*MATERIAL SUPPLIED:*
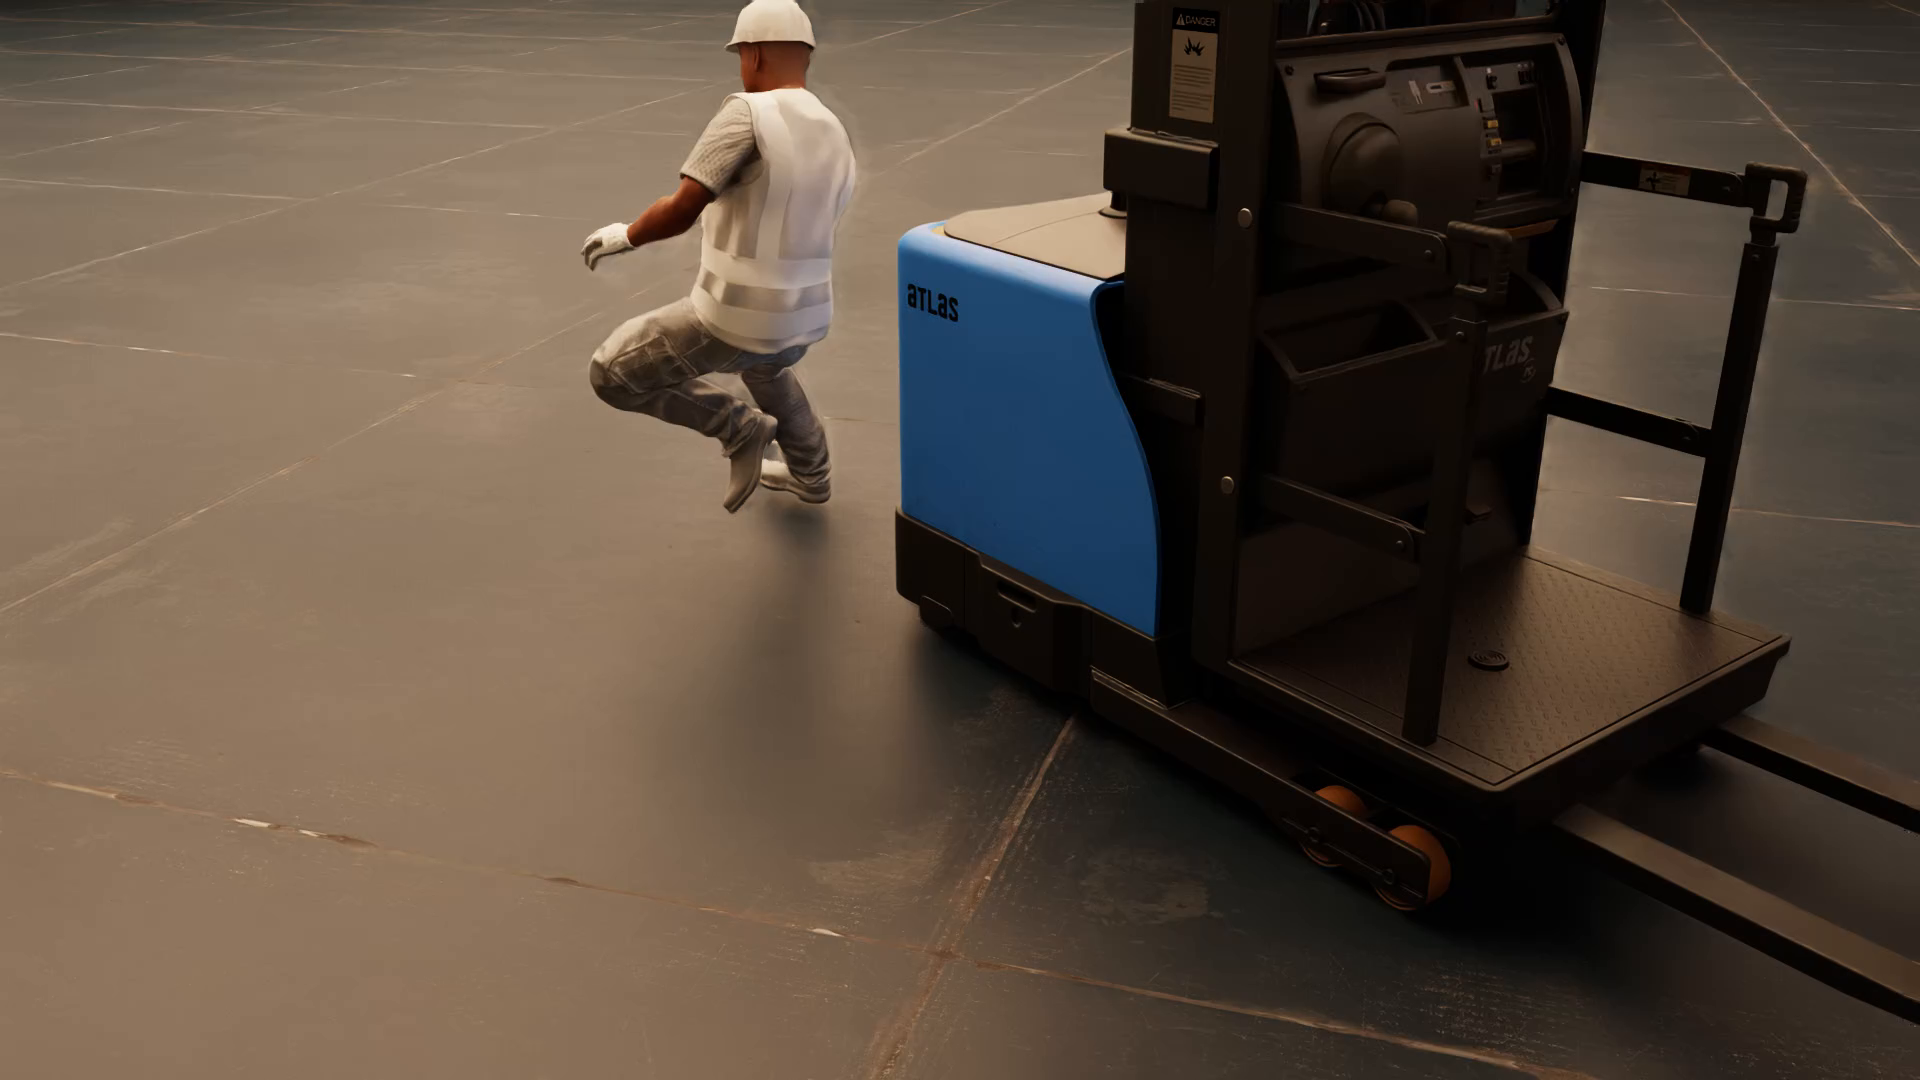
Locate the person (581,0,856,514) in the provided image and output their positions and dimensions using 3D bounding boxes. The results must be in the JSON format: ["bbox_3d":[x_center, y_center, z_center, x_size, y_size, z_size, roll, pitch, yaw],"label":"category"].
[{"bbox_3d":[-0.690,-0.753,4.800,0.826,1.570,0.850,14,26,31],"label":"person"}]

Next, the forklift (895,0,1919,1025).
[{"bbox_3d":[1.121,-0.828,3.285,1.130,2.935,3.031,-16,28,-34],"label":"forklift"}]
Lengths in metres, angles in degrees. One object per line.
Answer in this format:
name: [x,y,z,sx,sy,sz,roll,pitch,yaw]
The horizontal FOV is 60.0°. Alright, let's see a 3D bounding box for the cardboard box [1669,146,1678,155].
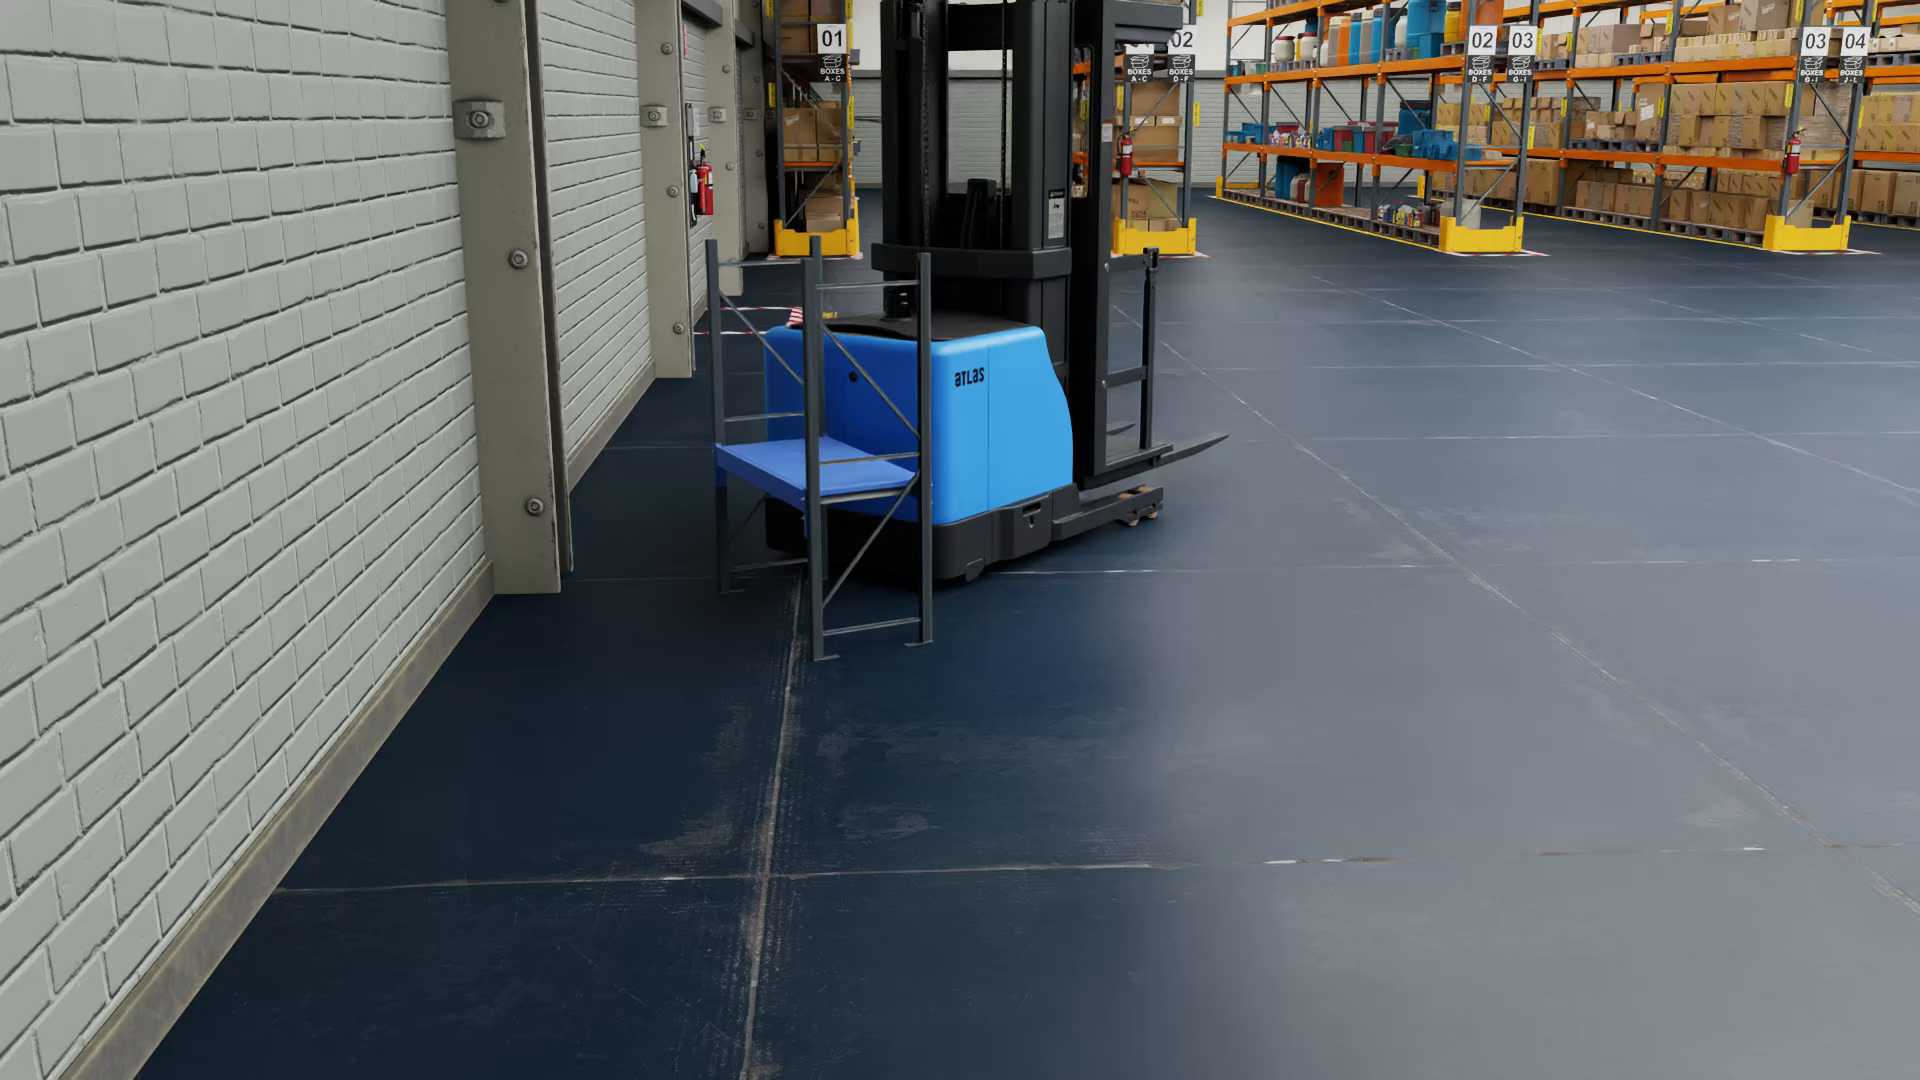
cardboard box: [12.200,-6.570,28.047,0.380,0.149,0.250,-1,14,-3]

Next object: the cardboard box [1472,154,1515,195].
cardboard box: [12.028,-8.142,37.072,0.875,0.875,0.875,-1,14,-3]

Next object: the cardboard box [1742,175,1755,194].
cardboard box: [16.807,-7.397,34.929,0.500,0.500,0.500,-1,14,-2]

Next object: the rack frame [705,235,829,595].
rack frame: [-0.808,-0.522,7.044,0.500,1.500,0.032,-7,16,-27]

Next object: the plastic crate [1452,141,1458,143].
plastic crate: [7.881,-6.393,27.152,0.499,0.251,0.616,-1,14,-3]

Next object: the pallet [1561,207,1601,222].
pallet: [12.284,-6.262,31.942,1.003,0.211,1.213,-1,14,-3]

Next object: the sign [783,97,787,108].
sign: [-2.900,-7.134,27.411,0.100,0.325,0.005,-1,14,-3]

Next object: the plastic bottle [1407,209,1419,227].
plastic bottle: [7.250,-5.148,26.599,0.152,0.276,0.135,-1,14,-3]

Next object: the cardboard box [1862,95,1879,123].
cardboard box: [17.278,-8.026,30.994,0.700,0.500,0.500,-1,14,-4]

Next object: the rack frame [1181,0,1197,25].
rack frame: [2.845,-8.571,23.279,1.000,3.000,0.127,-1,14,-3]

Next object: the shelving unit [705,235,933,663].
shelving unit: [-0.572,-0.409,6.608,0.538,1.500,1.048,-7,16,-27]

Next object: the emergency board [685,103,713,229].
emergency board: [-2.519,-3.642,16.160,0.194,1.169,0.643,-1,14,-3]

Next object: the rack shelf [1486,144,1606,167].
rack shelf: [12.113,-7.956,34.373,1.077,0.370,4.000,-1,14,-3]

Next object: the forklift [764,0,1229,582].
forklift: [0.379,-1.550,8.169,1.130,2.935,3.031,10,18,35]

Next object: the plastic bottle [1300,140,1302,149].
plastic bottle: [6.821,-7.888,33.061,0.097,0.201,0.097,0,14,0]

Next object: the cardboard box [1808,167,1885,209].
cardboard box: [17.142,-6.820,32.184,1.050,0.750,0.750,-1,14,-4]

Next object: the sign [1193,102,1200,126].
sign: [3.399,-6.130,23.936,0.100,0.325,0.005,-1,14,-3]

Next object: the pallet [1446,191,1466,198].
pallet: [11.941,-7.946,38.486,1.003,0.211,1.213,-1,14,-3]

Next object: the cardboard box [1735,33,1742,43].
cardboard box: [12.360,-7.848,25.988,0.380,0.149,0.250,-2,15,-6]

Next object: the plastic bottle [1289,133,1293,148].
plastic bottle: [6.752,-8.132,33.845,0.061,0.283,0.133,-1,14,-3]

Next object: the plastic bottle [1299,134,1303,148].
plastic bottle: [6.815,-7.946,33.147,0.097,0.271,0.097,0,14,0]

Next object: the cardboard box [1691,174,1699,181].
cardboard box: [16.609,-8.112,37.218,0.380,0.149,0.250,-1,14,-3]

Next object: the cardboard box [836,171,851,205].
cardboard box: [-2.509,-6.925,32.393,0.750,0.750,0.750,-1,14,-4]

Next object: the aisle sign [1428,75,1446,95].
aisle sign: [11.437,-11.069,39.811,0.394,0.787,0.004,-1,14,-3]

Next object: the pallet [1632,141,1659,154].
pallet: [12.583,-6.912,29.255,1.003,0.211,1.213,-1,14,-3]

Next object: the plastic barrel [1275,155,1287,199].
plastic barrel: [7.062,-7.777,35.602,0.600,0.901,0.708,-1,14,-3]

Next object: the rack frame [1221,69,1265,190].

*WORK REQUEST:*
For each entry, copy the text exactly and leave out any image it carries.

*RESULT OF THIS EXERCISE:*
Locate the person (581,0,856,514) in the provided image and output their positions and dimensions using 3D bounding boxes. The results must be in the JSON format: ["bbox_3d":[x_center, y_center, z_center, x_size, y_size, z_size, roll, pitch, yaw],"label":"category"].
[{"bbox_3d":[-0.690,-0.753,4.800,0.826,1.570,0.850,14,26,31],"label":"person"}]

Next, the forklift (895,0,1919,1025).
[{"bbox_3d":[1.121,-0.828,3.285,1.130,2.935,3.031,-16,28,-34],"label":"forklift"}]
Lengths in metres, angles in degrees. One object per line.
Answer in this format:
name: [x,y,z,sx,sy,sz,roll,pitch,yaw]
The horizontal FOV is 60.0°. Alright, let's see a 3D bounding box for the cardboard box [1669,146,1678,155].
cardboard box: [12.200,-6.570,28.047,0.380,0.149,0.250,-1,14,-3]

Next object: the cardboard box [1472,154,1515,195].
cardboard box: [12.028,-8.142,37.072,0.875,0.875,0.875,-1,14,-3]

Next object: the cardboard box [1742,175,1755,194].
cardboard box: [16.807,-7.397,34.929,0.500,0.500,0.500,-1,14,-2]

Next object: the rack frame [705,235,829,595].
rack frame: [-0.808,-0.522,7.044,0.500,1.500,0.032,-7,16,-27]

Next object: the plastic crate [1452,141,1458,143].
plastic crate: [7.881,-6.393,27.152,0.499,0.251,0.616,-1,14,-3]

Next object: the pallet [1561,207,1601,222].
pallet: [12.284,-6.262,31.942,1.003,0.211,1.213,-1,14,-3]

Next object: the sign [783,97,787,108].
sign: [-2.900,-7.134,27.411,0.100,0.325,0.005,-1,14,-3]

Next object: the plastic bottle [1407,209,1419,227].
plastic bottle: [7.250,-5.148,26.599,0.152,0.276,0.135,-1,14,-3]

Next object: the cardboard box [1862,95,1879,123].
cardboard box: [17.278,-8.026,30.994,0.700,0.500,0.500,-1,14,-4]

Next object: the rack frame [1181,0,1197,25].
rack frame: [2.845,-8.571,23.279,1.000,3.000,0.127,-1,14,-3]

Next object: the shelving unit [705,235,933,663].
shelving unit: [-0.572,-0.409,6.608,0.538,1.500,1.048,-7,16,-27]

Next object: the emergency board [685,103,713,229].
emergency board: [-2.519,-3.642,16.160,0.194,1.169,0.643,-1,14,-3]

Next object: the rack shelf [1486,144,1606,167].
rack shelf: [12.113,-7.956,34.373,1.077,0.370,4.000,-1,14,-3]

Next object: the forklift [764,0,1229,582].
forklift: [0.379,-1.550,8.169,1.130,2.935,3.031,10,18,35]

Next object: the plastic bottle [1300,140,1302,149].
plastic bottle: [6.821,-7.888,33.061,0.097,0.201,0.097,0,14,0]

Next object: the cardboard box [1808,167,1885,209].
cardboard box: [17.142,-6.820,32.184,1.050,0.750,0.750,-1,14,-4]

Next object: the sign [1193,102,1200,126].
sign: [3.399,-6.130,23.936,0.100,0.325,0.005,-1,14,-3]

Next object: the pallet [1446,191,1466,198].
pallet: [11.941,-7.946,38.486,1.003,0.211,1.213,-1,14,-3]

Next object: the cardboard box [1735,33,1742,43].
cardboard box: [12.360,-7.848,25.988,0.380,0.149,0.250,-2,15,-6]

Next object: the plastic bottle [1289,133,1293,148].
plastic bottle: [6.752,-8.132,33.845,0.061,0.283,0.133,-1,14,-3]

Next object: the plastic bottle [1299,134,1303,148].
plastic bottle: [6.815,-7.946,33.147,0.097,0.271,0.097,0,14,0]

Next object: the cardboard box [1691,174,1699,181].
cardboard box: [16.609,-8.112,37.218,0.380,0.149,0.250,-1,14,-3]

Next object: the cardboard box [836,171,851,205].
cardboard box: [-2.509,-6.925,32.393,0.750,0.750,0.750,-1,14,-4]

Next object: the aisle sign [1428,75,1446,95].
aisle sign: [11.437,-11.069,39.811,0.394,0.787,0.004,-1,14,-3]

Next object: the pallet [1632,141,1659,154].
pallet: [12.583,-6.912,29.255,1.003,0.211,1.213,-1,14,-3]

Next object: the plastic barrel [1275,155,1287,199].
plastic barrel: [7.062,-7.777,35.602,0.600,0.901,0.708,-1,14,-3]

Next object: the rack frame [1221,69,1265,190].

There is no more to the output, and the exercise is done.